Work instructions: Transcribe exactly the lines that fall between the one holding "title: Cathedraal, - Roermond" and the one holding "tags: church (exterior)", inclusive, from the entries below.

Dataset extract:
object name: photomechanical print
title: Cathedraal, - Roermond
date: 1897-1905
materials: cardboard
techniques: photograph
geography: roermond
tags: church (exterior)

--

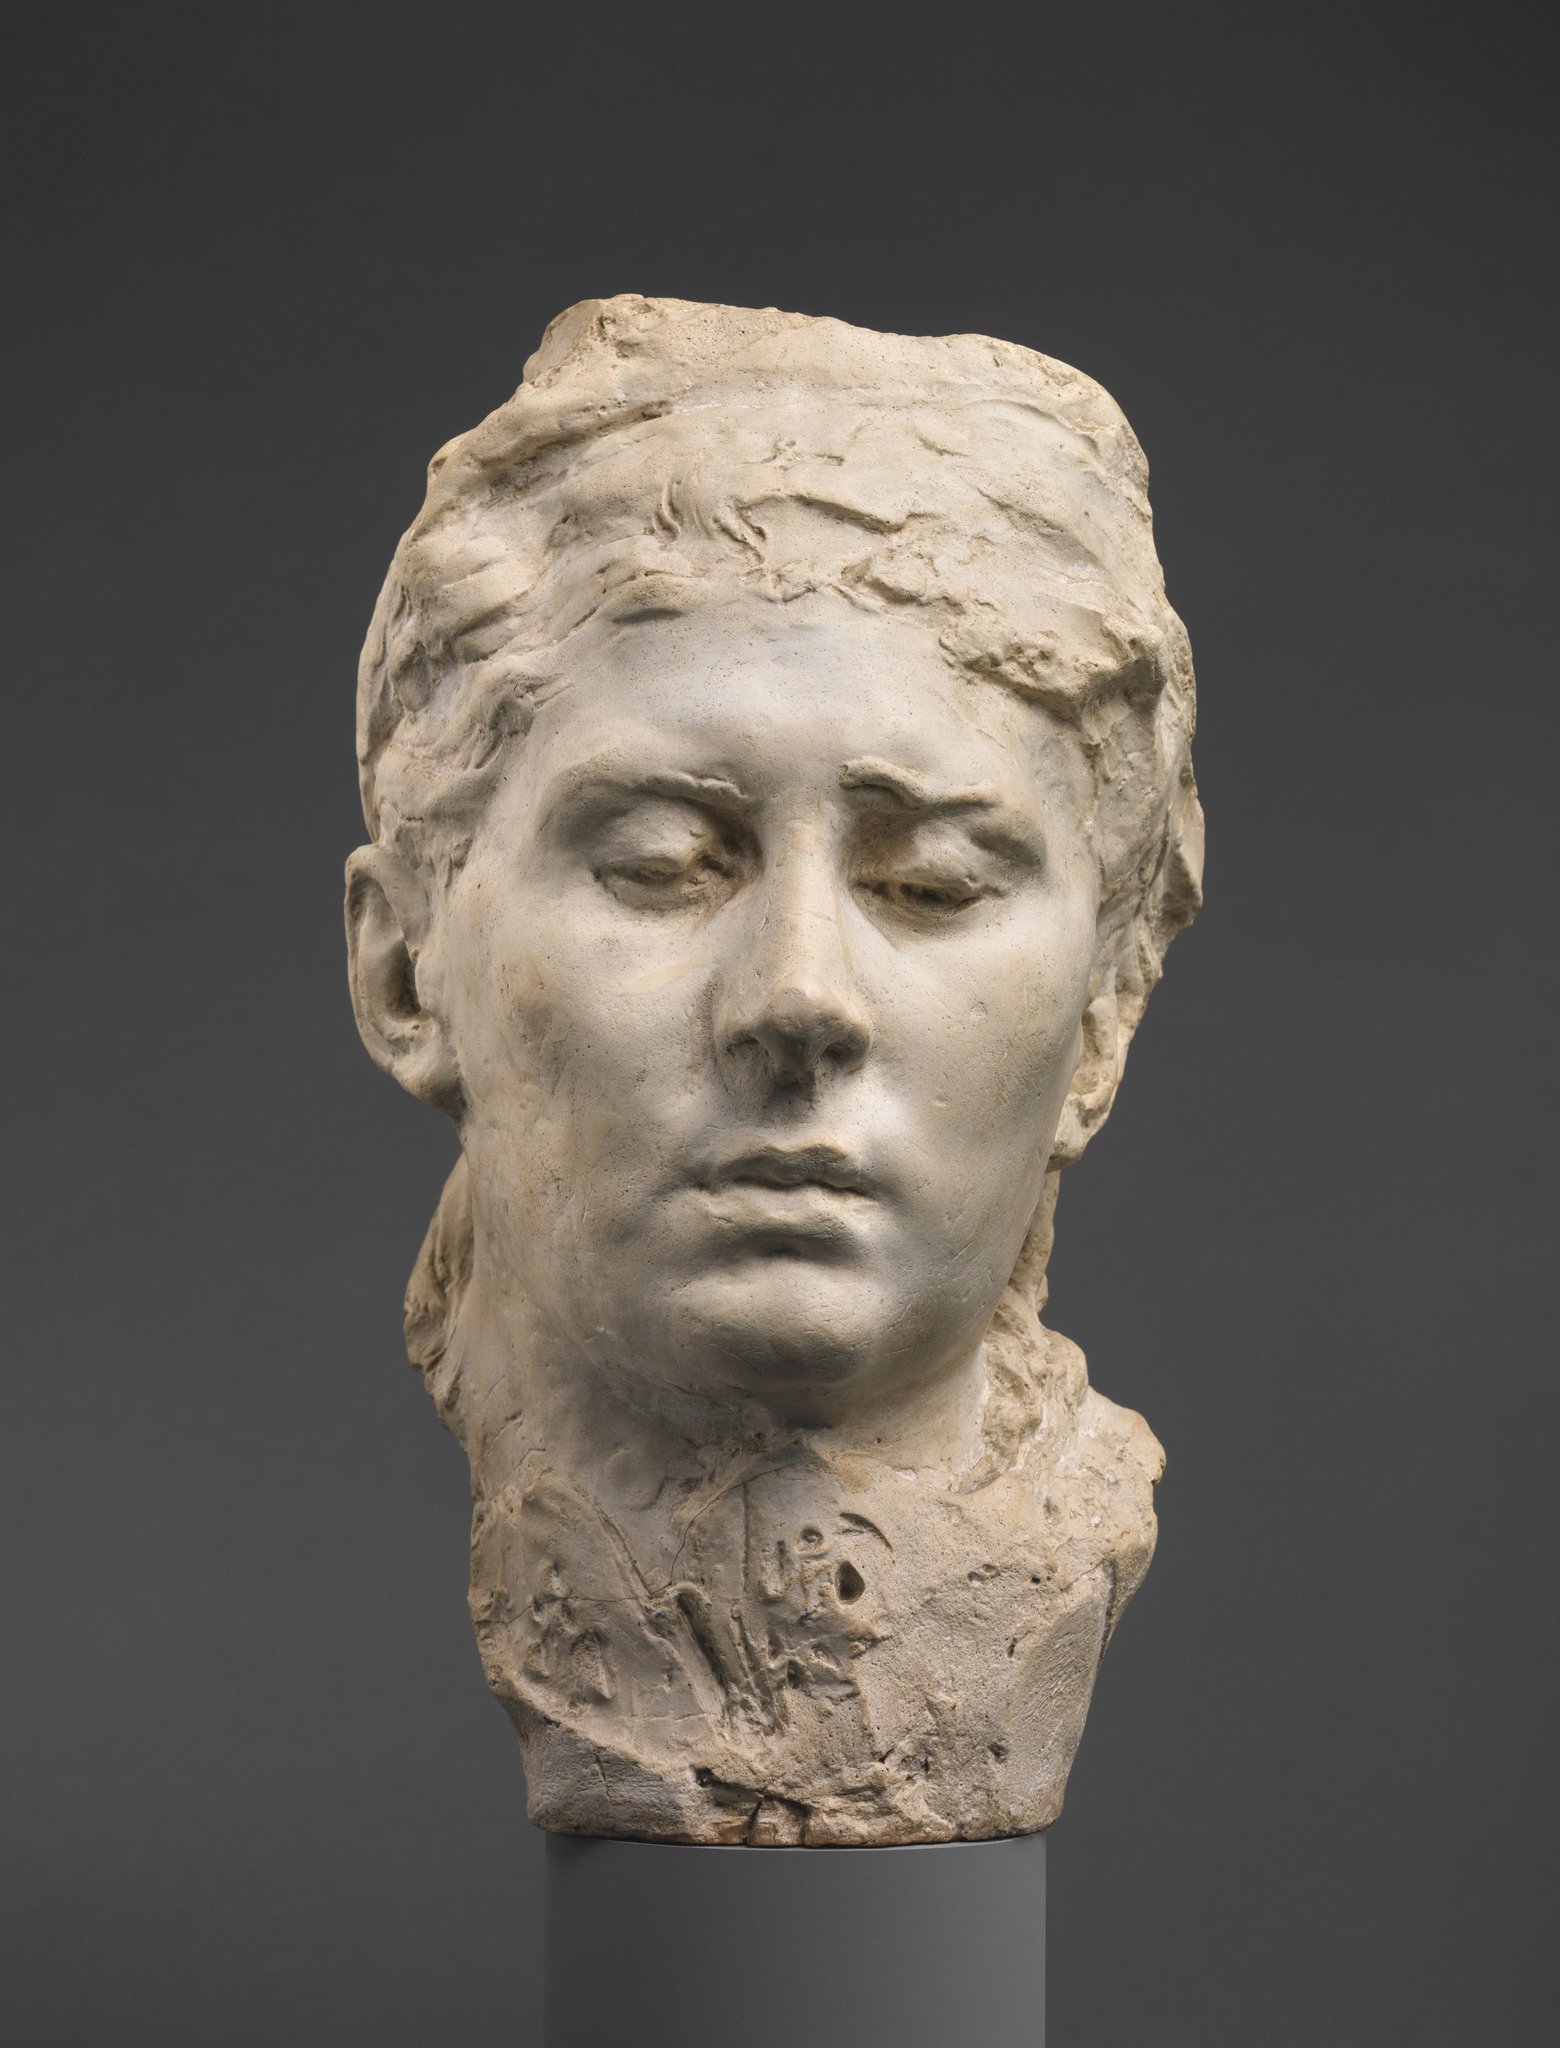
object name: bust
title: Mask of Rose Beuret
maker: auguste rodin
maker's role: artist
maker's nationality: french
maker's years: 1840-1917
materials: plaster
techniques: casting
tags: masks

...

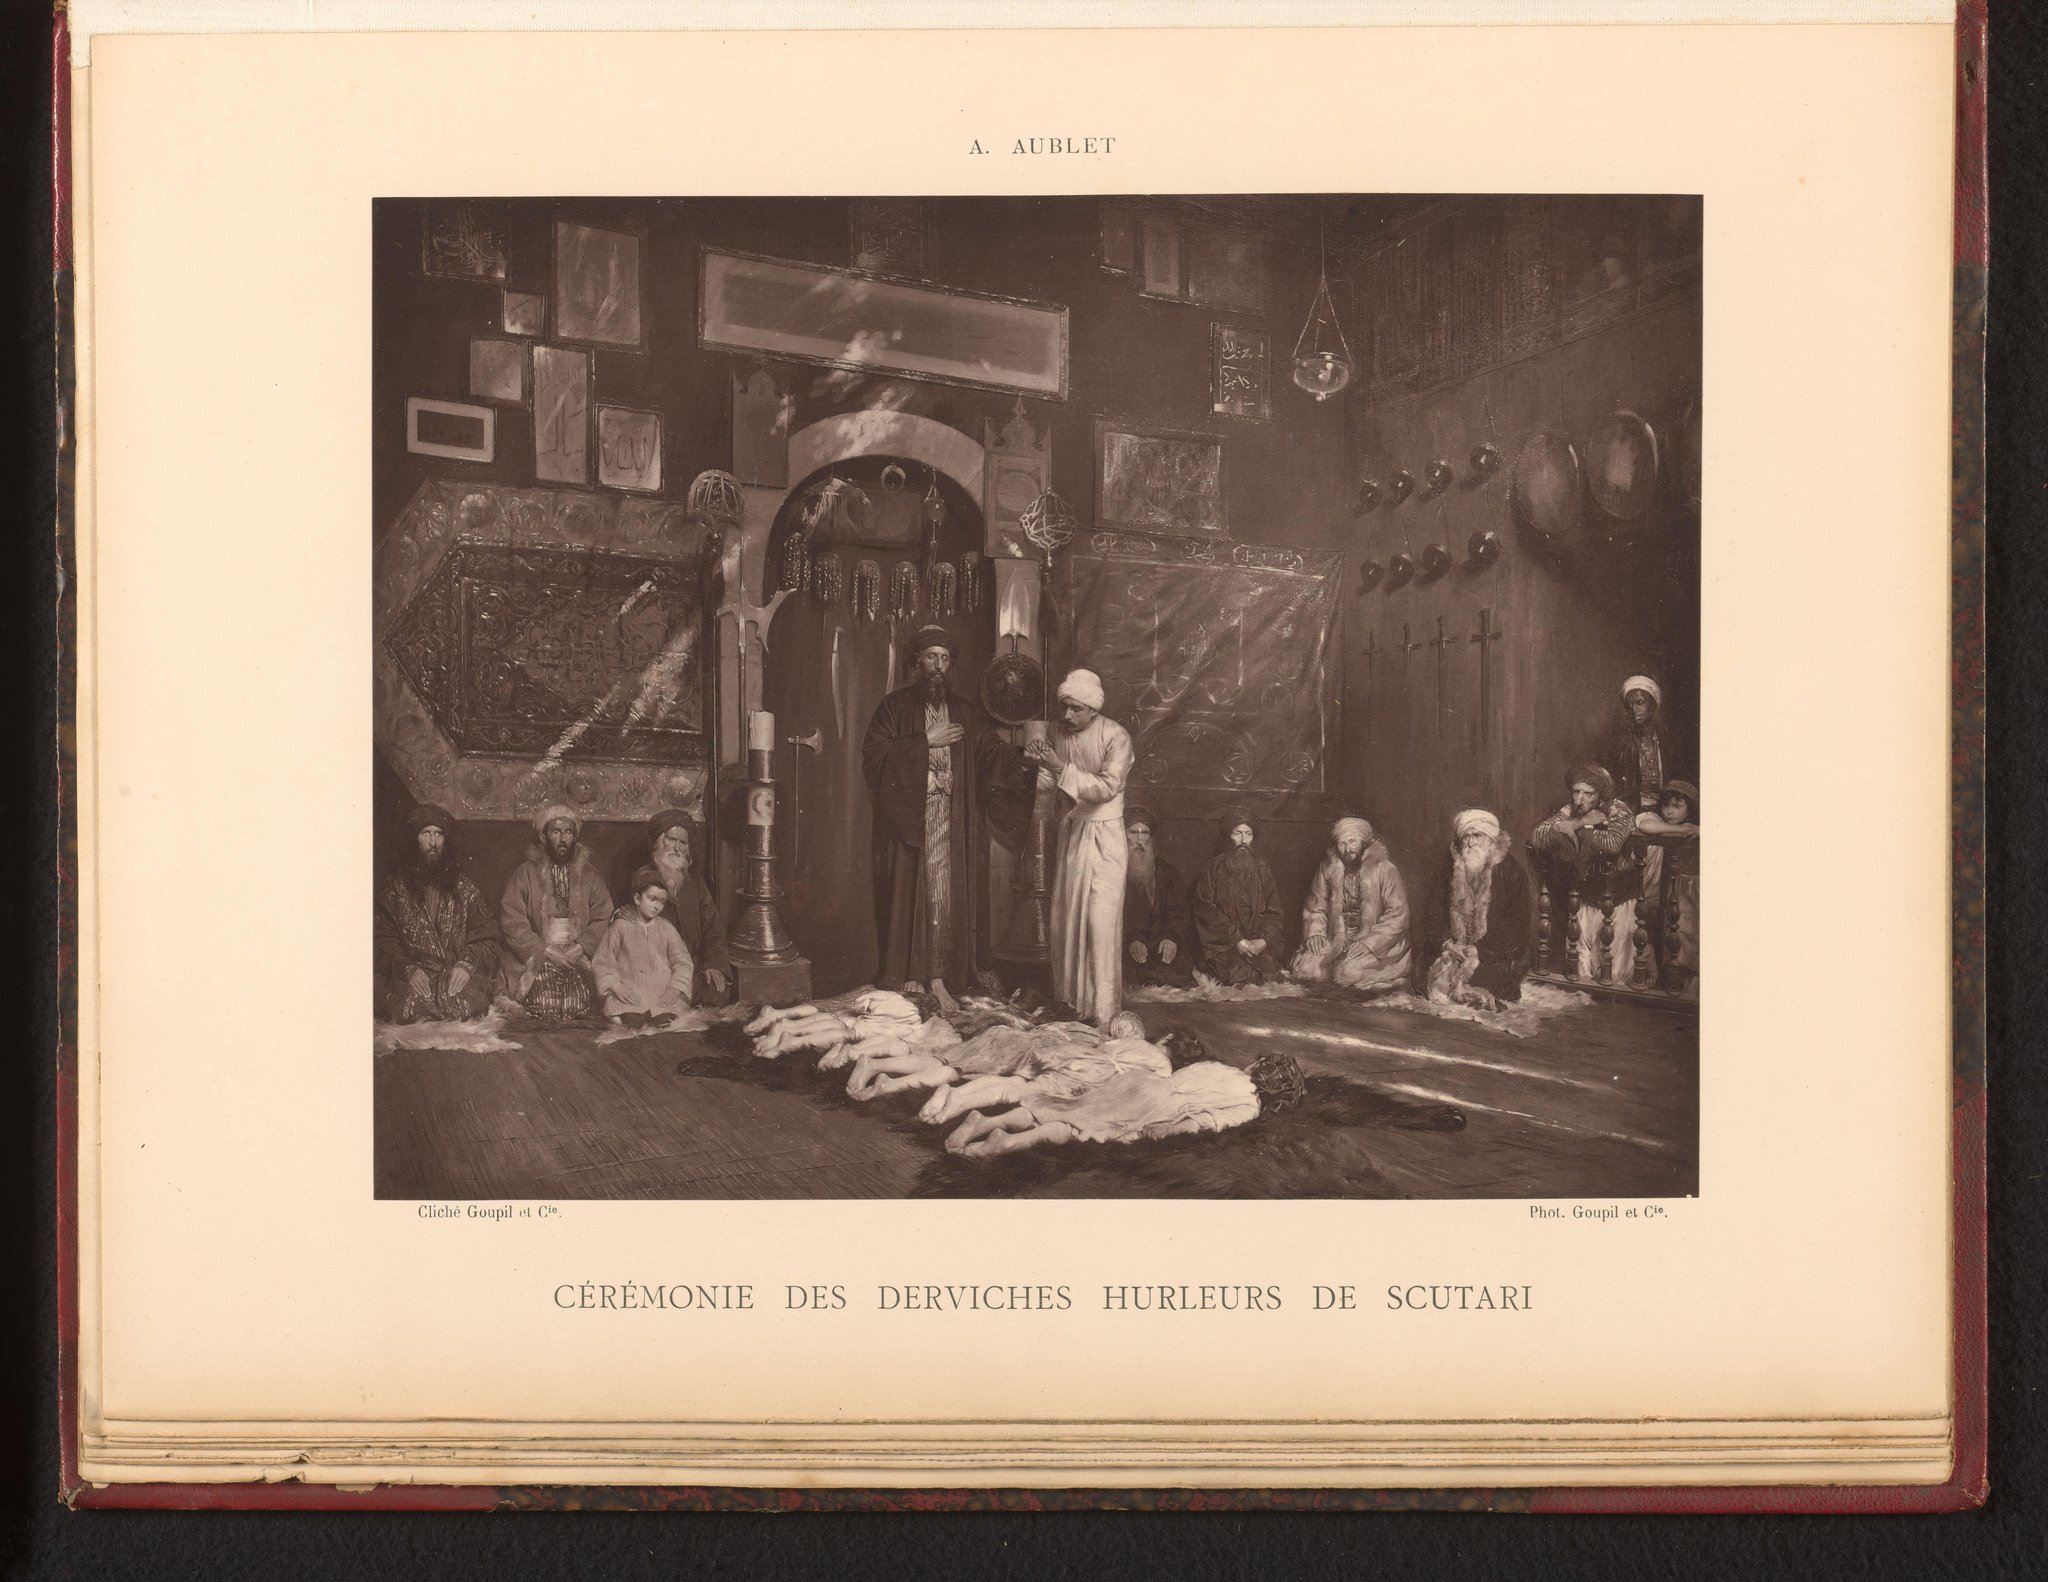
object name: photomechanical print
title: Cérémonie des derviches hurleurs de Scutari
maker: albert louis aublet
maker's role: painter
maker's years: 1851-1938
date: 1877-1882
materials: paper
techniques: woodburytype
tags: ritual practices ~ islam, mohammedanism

Solution for this problem:
title: Cathedraal, - Roermond
date: 1897-1905
materials: cardboard
techniques: photograph
geography: roermond
tags: church (exterior)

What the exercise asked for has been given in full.